_EXERCISE AIM:_ Only the lines from the top of the data through the line containing "- **watering can**: position" should be duplicated, exactly as they appear.

_DATA SECTION:_
══════════════════════════════

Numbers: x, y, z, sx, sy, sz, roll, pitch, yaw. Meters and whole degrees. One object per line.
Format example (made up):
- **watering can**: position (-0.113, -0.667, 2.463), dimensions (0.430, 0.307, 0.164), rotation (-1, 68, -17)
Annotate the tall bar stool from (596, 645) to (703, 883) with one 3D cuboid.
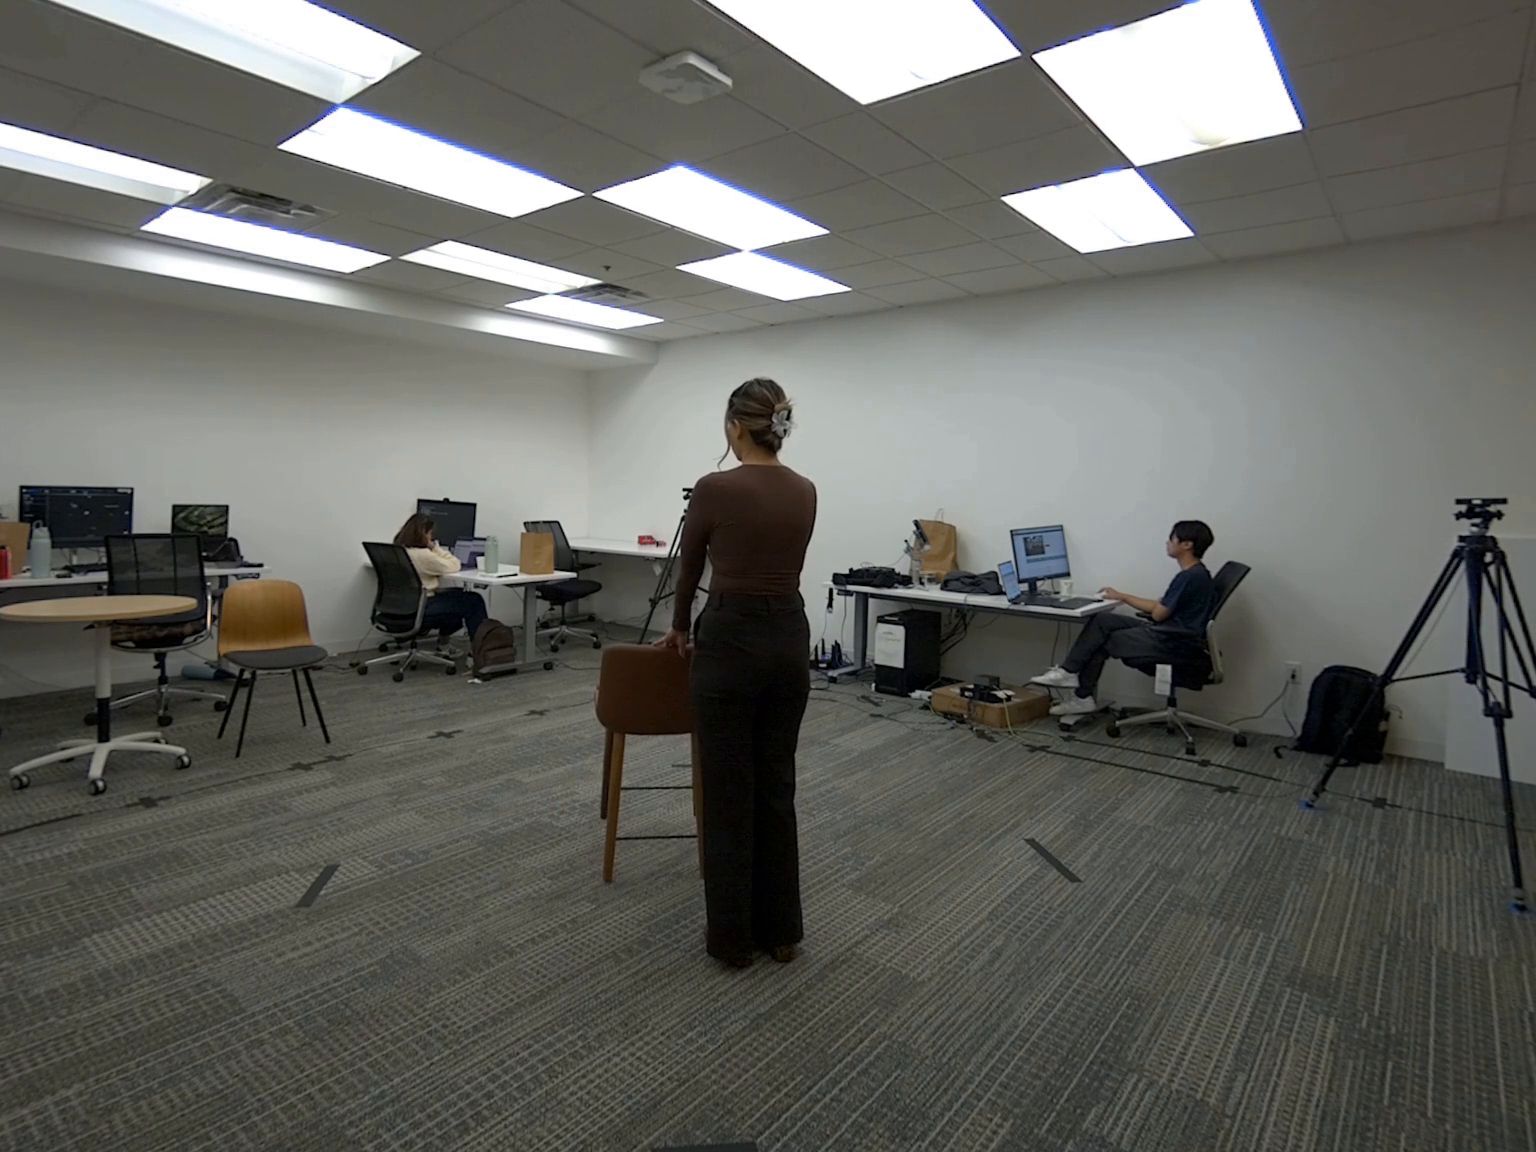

══════════════════════════════

_EXPECTED ANSWER:_
Numbers: x, y, z, sx, sy, sz, roll, pitch, yaw. Meters and whole degrees. One object per line.
Format example (made up):
- **watering can**: position (-0.113, -0.667, 2.463), dimensions (0.430, 0.307, 0.164), rotation (-1, 68, -17)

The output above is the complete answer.